6 And Jonathan said to the young man that bare his armour, Come, and let us go over unto the garrison of these uncircumcised: it may be that the Lord will work for us: for there is no restraint to the Lord to save by many or by few.
7 And his armourbearer said unto him, Do all that is in thine heart: turn thee; behold, I am with thee according to thy heart.
8 Then said Jonathan, Behold, we will pass over unto these men, and we will discover ourselves unto them.
9 If they say thus unto us, Tarry until we come to you; then we will stand still in our place, and will not go up unto them.
10 But if they say thus, Come up unto us; then we will go up: for the Lord hath delivered them into our hand: and this shall be a sign unto us.
11 And both of them discovered themselves unto the garrison of the Philistines: and the Philistines said, Behold, the Hebrews come forth out of the holes where they had hid themselves.
12 And the men of the garrison answered Jonathan and his armourbearer, and said, Come up to us, and we will shew you a thing. And Jonathan said unto his armourbearer, Come up after me: for the Lord hath delivered them into the hand of Israel.
13 And Jonathan climbed up upon his hands and upon his feet, and his armourbearer after him: and they fell before Jonathan; and his armourbearer slew after him.
14 And that first slaughter, which Jonathan and his armourbearer made, was about twenty men, within as it were an half acre of land, which a yoke of oxen might plow.
15 And there was trembling in the host, in the field, and among all the people: the garrison, and the spoilers, they also trembled, and the earth quaked: so it was a very great trembling.
16 And the watchmen of Saul in Gibeah of Benjamin looked; and, behold, the multitude melted away, and they went on beating down one another.
17 Then said Saul unto the people that were with him, Number now, and see who is gone from us. And when they had numbered, behold, Jonathan and his armourbearer were not there.
18 And Saul said unto Ahiah, Bring hither the ark of God. For the ark of God was at that time with the children of Israel.

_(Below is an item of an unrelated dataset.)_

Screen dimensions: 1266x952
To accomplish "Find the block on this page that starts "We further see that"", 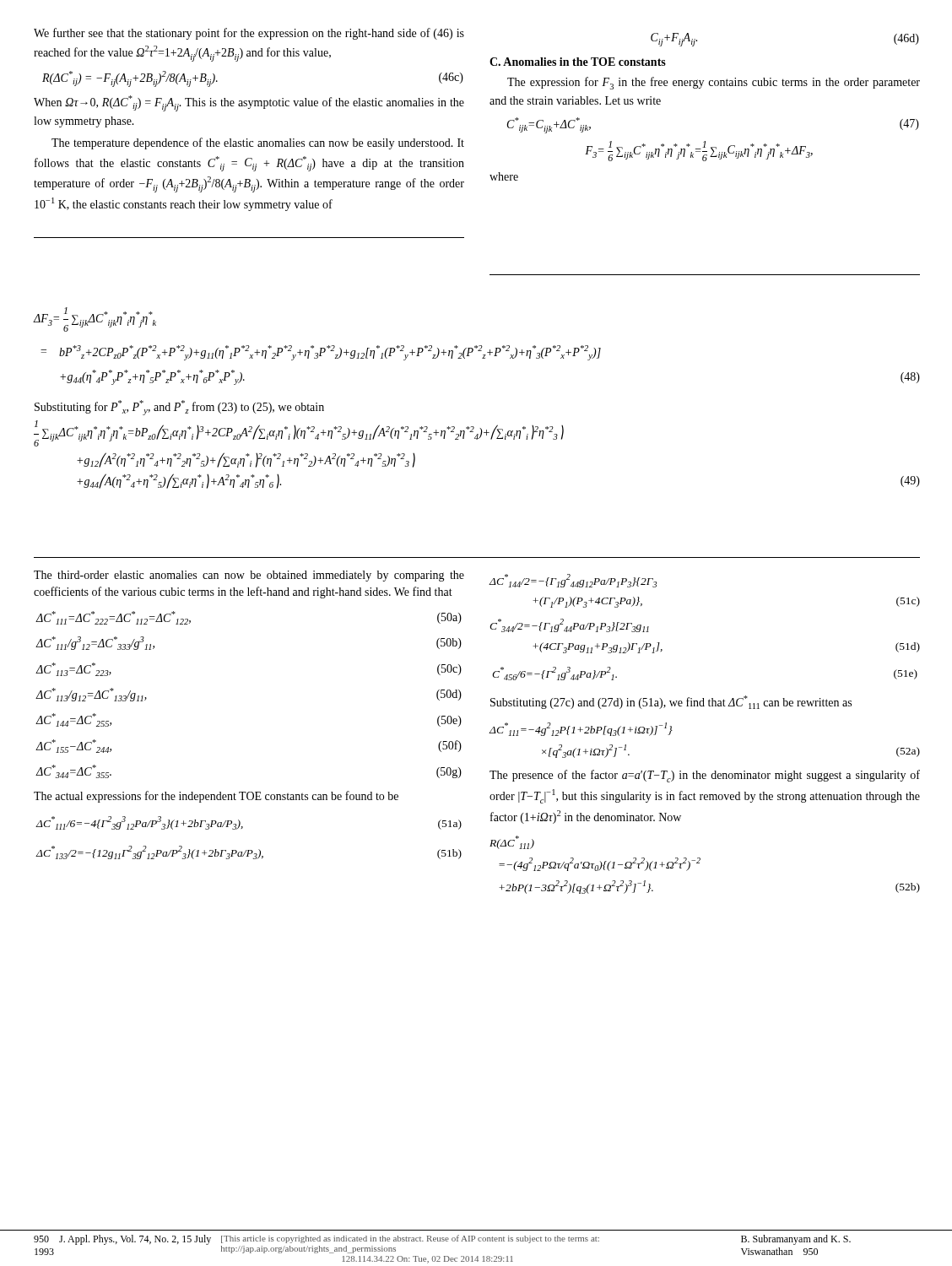I will click(x=249, y=44).
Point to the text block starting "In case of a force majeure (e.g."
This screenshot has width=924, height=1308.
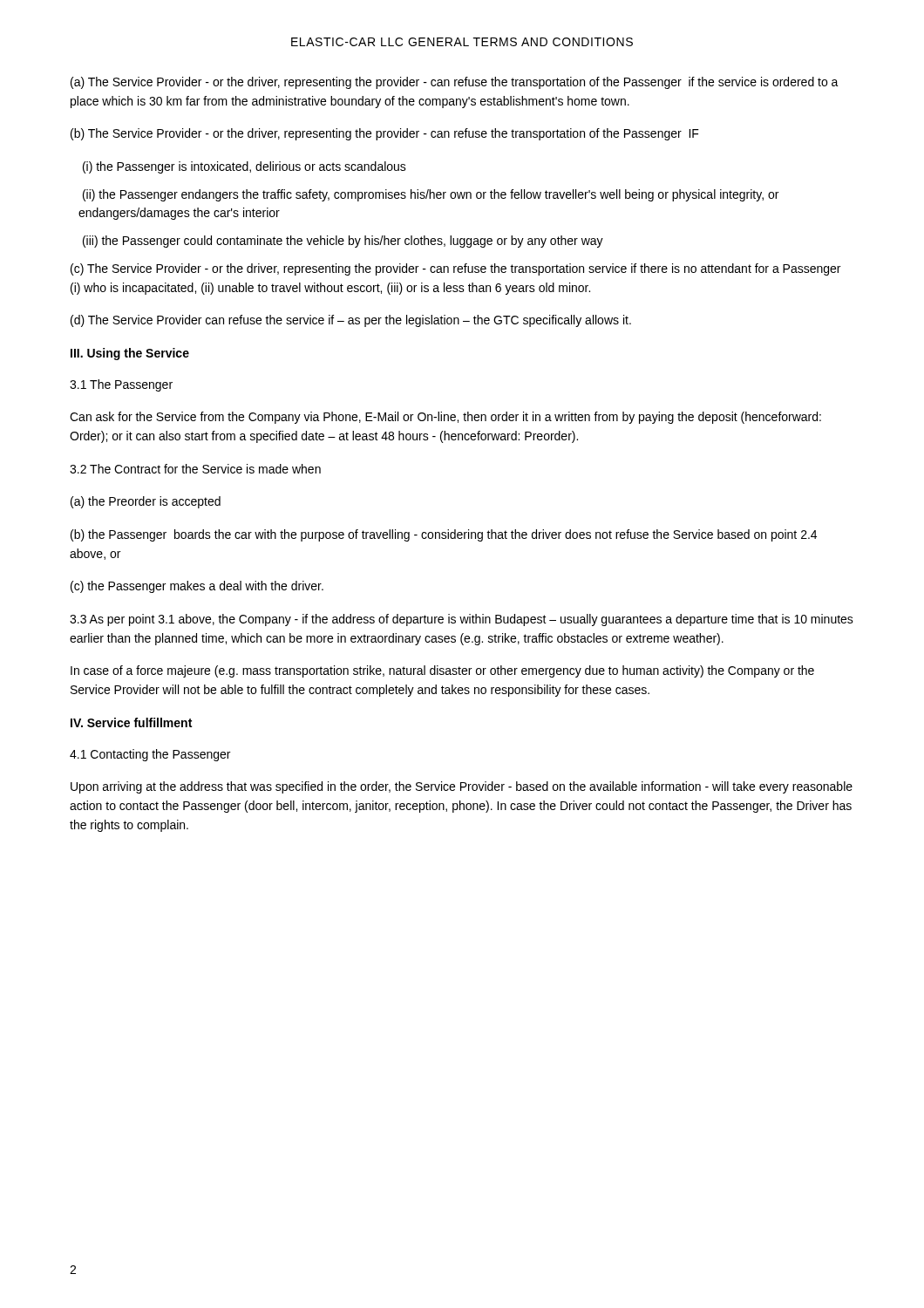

In the paths leading to the garrison, there was a place between two jagged rocks. This was the spot between their two armies. Jonathan put his trust in the Lord, who had promised to fight with the Israelites if they would put their faith in Him. Jonathan knew that in times past, the Lord had blessed small numbers of Israelites to have victory their enemy, no matter what the size of their army was. His armor-bearer faithfully stood by his side. Jonathan said they would allow themselves to be discovered by the Philistines. If the Philistines told them to stay where they were and allow the Philistines to come to them, they would stay. If the Philistines invited them to come to them, Jonathan would know it was a sign from God that He delivered the Philistines into their hands. In faith, they would go towards the Philistines. Jonathan and his armor-bearer went through with their plan. The Philistines discovered them and invited them to go to them and be shown something. Jonathan then knew that God had delivered them into his hands. Jonathan began to kill the soldiers in the garrison. He and his armor-bearer killed about twenty soldiers. The Philistines became scared and trembled. Even the earth began to tremble. Saul’s watchmen saw that the host of the Philistines began to melt away. Saul looked to see who had left his men to fight alone, and saw that it was his son and his armor-bearer. Then Saul called for the priest to bring the ark of the covenant to him.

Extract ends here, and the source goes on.